Il serait trop long de citer d'autres faits de la même nature. Pour caractériser sa conduite et sa façon de penser, il nous suffira de rappeler un mot de Bacon lui-même. Le grand chancelier, lord Ellesmere, était alors très-malade. Bacon, sans attendre davantage, écrivit au roi, pour demander sa place, et il ajoutait que ce qu'il pouvait lui offrir, c'était gloria in obsequio (de chercher sa gloire dans l'obéissance). C'était le mot honteux d'un ami de Séjan, qui voulait se justifier devant Tibère, et il résumait à merveille l'avilissement d'esprit de notre ambitieux personnage.

Lord Ellesmere ne mourut pas; mais le roi, se souvenant des promesses de Bacon, le nomma, en 1616, membre du conseil privé, tout en lui laissant sa place de juge.

C'est à cette époque que Bacon fit au roi une proposition, qu'il renouvela plusieurs fois, mais qui ne fut jamais acceptée : celle de faire un code des lois anglaises. Ce projet, s'il avait été adopté, aurait été devant la postérité le seul titre de gloire du roi Jacques Ier.

L'ambition de Bacon grandissait à mesure qu'elle était satisfaite. Il voulait absolument devenir chancelier, comme l'avait été son père, et comme la reine Élisabeth le lui avait prédit dans son enfance. Le chemin le plus sûr pour atteindre au but si désiré, c'était de se concilier la protection du nouveau favori, le duc de Buckingham. Ce dernier parut flatté de ses hommages, et Bacon s'empressa, en retour, d'offrir ses conseils partout où ils étaient ou n'étaient pas nécessaires. Il composa, à l'usage de son protecteur, un petit Traité de la pratique du gouvernement.

Il obtint, pour sa première récompense, le bonheur de se venger de son ennemi constant, de sa bête noire, sir Édouard Coke. La grande réputation d'Édouard Coke, comme jurisconsulte, semblait le désigner à la succession de lord Ellesmere. Aussi Bacon fit-il tout ce qui était en son pouvoir, pour le rendre suspect au roi. Il fit comprendre à Jacques Ier le danger qu'il y aurait à confier le grand sceau à un homme que son inflexible et constant amour de la justice avait rendu populaire.

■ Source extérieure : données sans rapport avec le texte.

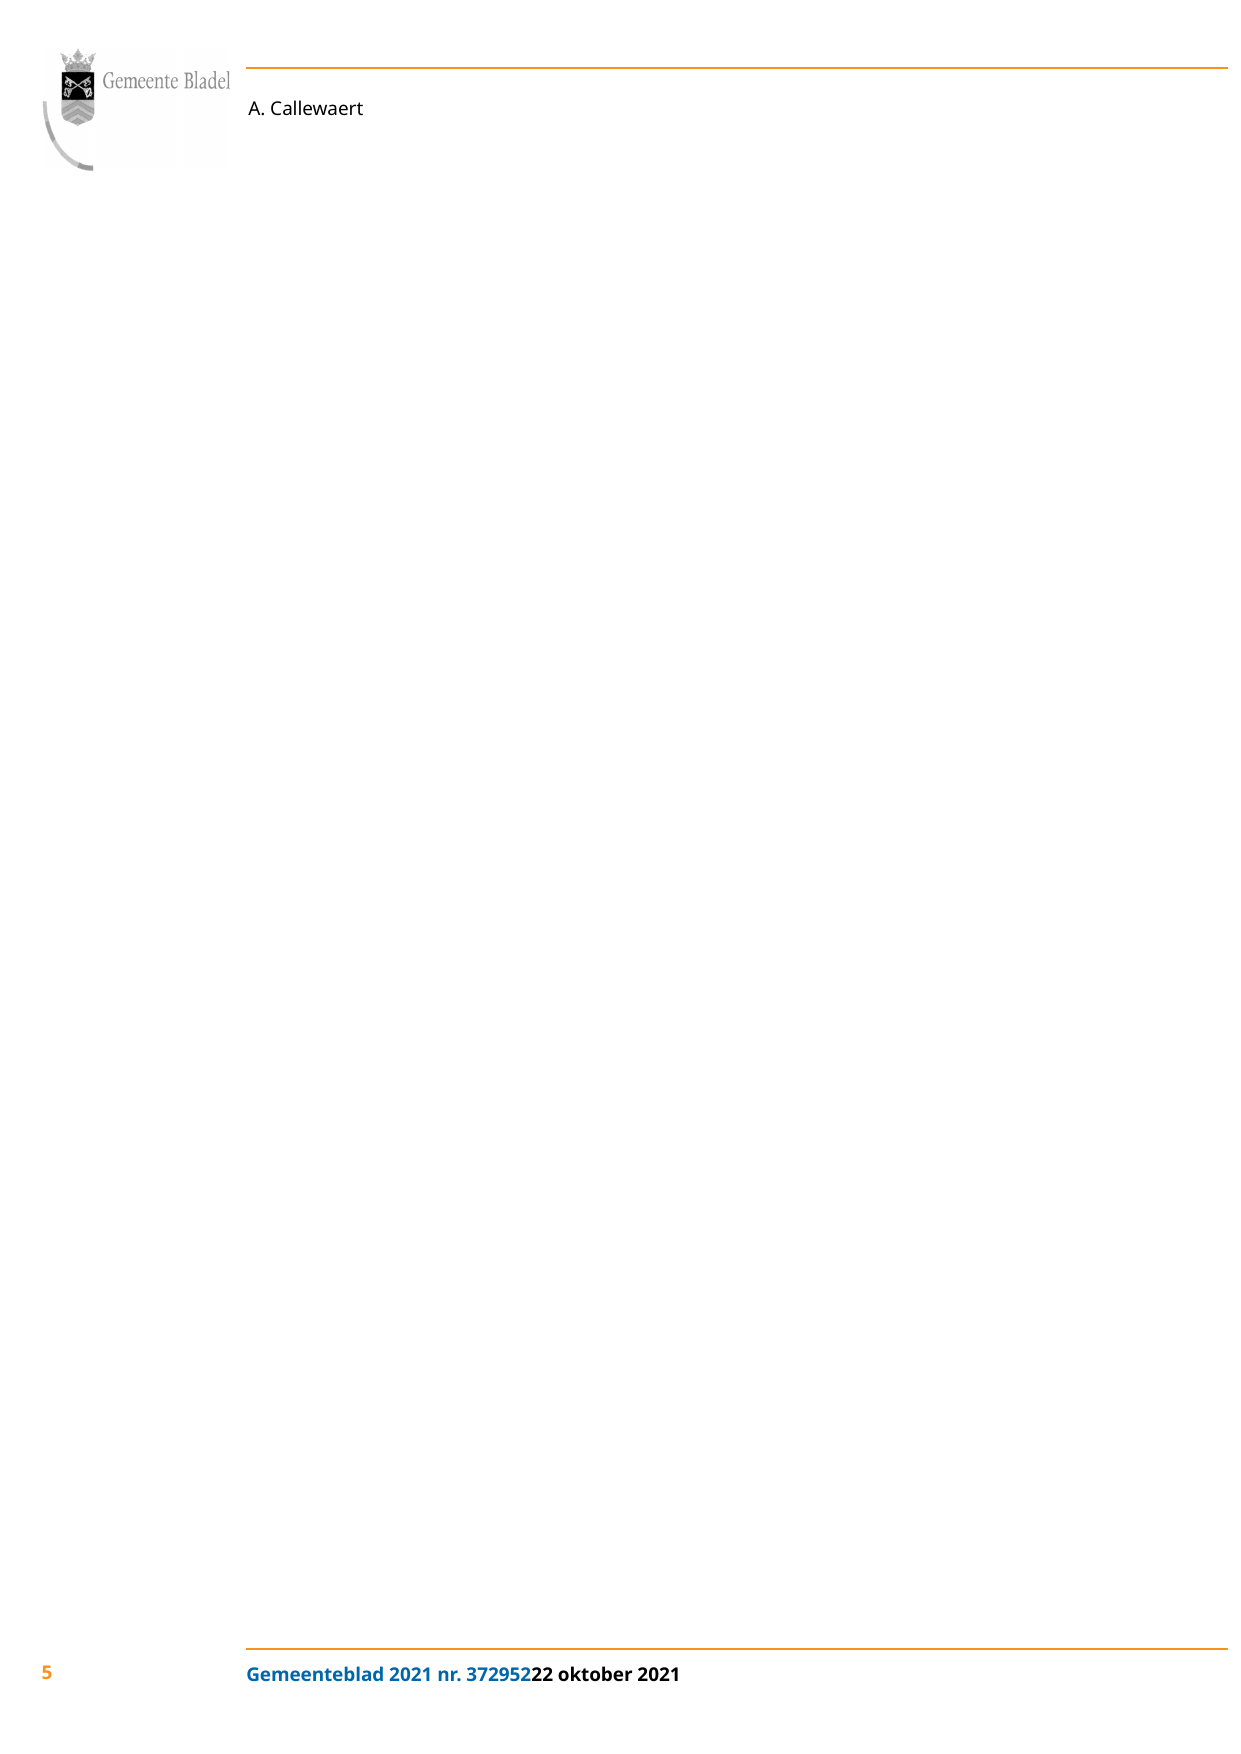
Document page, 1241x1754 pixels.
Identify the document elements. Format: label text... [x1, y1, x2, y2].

picture [41, 47, 231, 172]
text A. Callewaert [248, 95, 1152, 121]
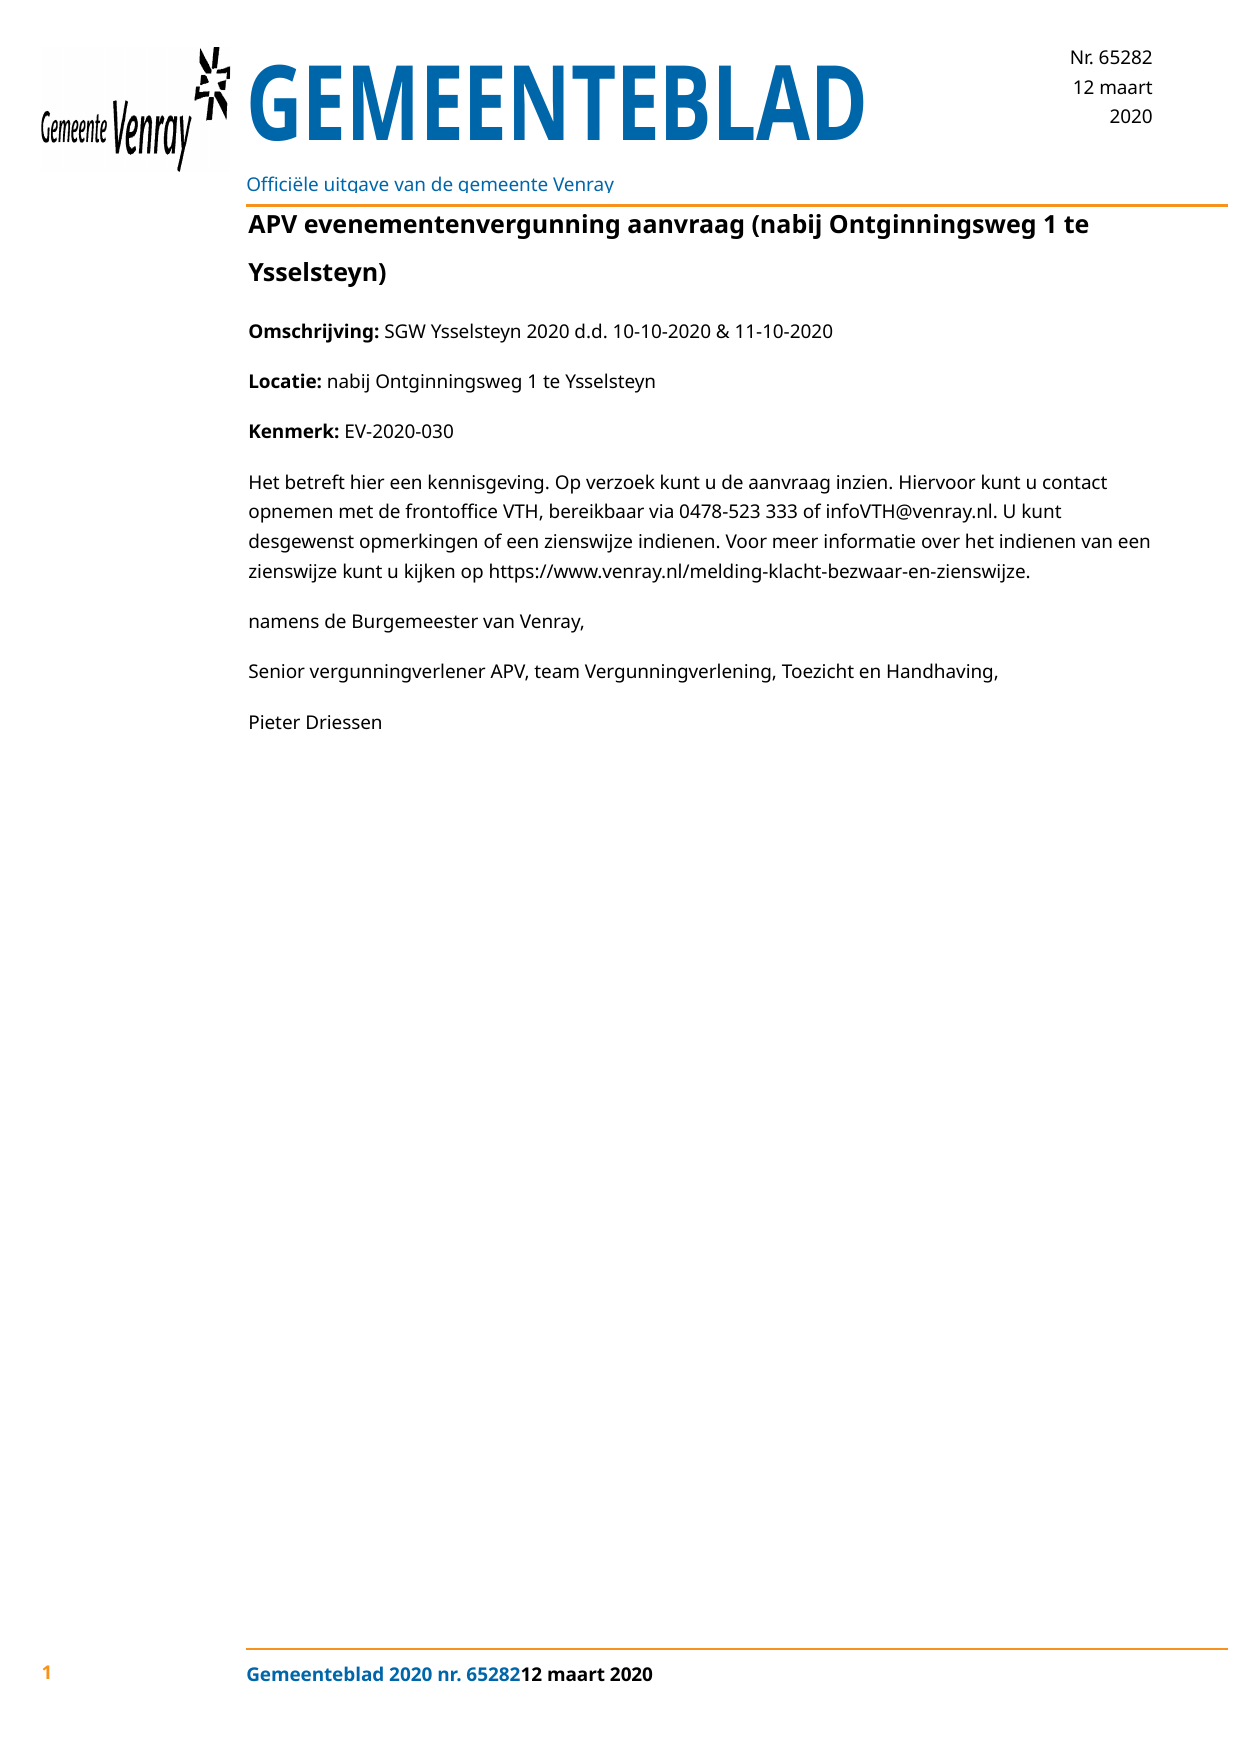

La résistance que sir Édouard Coke avait opposée, en plusieurs circonstances, aux volontés du roi, en sa qualité de grand juge, donnait beaucoup de poids aux dénonciations de Bacon. Sir Édouard Coke fut accusé d'excès de pouvoir: on lui reprocha des doctrines contraires aux prérogatives royales. Bref, il fut cité devant le conseil privé, et contraint d'entendre, à genoux, la lecture d'une sentence qui le privait de la plupart de ses fonctions. Bacon reçut, à cette occasion, le titre de chancelier du duché de Cornouailles.

Le grand chancelier, lord Ellesmere, était épuisé par les fatigues et la maladie. En 1617, il rendit au roi le grand sceau. Jacques Ier conféra aussitôt ce titre à François Bacon. La cérémonie publique dans laquelle il fut investi de cette haute dignité, objet des désirs de toute sa vie, se fit avec une grande pompe, et exalta son âme orgueilleuse. On prétend que le nouveau chancelier s'engagea, selon l'usage, à servir, sur les émoluments de sa nouvelle charge, une pension au duc de Buckingham, à la faveur duquel il devait une élévation si ardemment désirée.

II

Bacon s'empressa de quitter son humble logis de Gray's-Inn, pour le palais de Westminster. Pendant le déménagement, qui se fit avec un grand éclat, il fit porter devant lui le grand sceau. Un de ses collègues de Gray's-Inn s'écria, à la vue de ce spectacle Nous le verrons bientôt retourner en plus modeste équipage!"

Bacon, pour célébrer sa nouvelle dignité, donna des fêtes splendides. Il y déploya un luxe princier, que son ami, Ben Johnson, a décrit avec enthousiasme. Pendant un voyage du roi Jacques en Écosse, Bacon résida à White-Hall, où il tint une véritable cour. Il recevait les ambassadeurs, et donnait des banquets dans les appartements du roi.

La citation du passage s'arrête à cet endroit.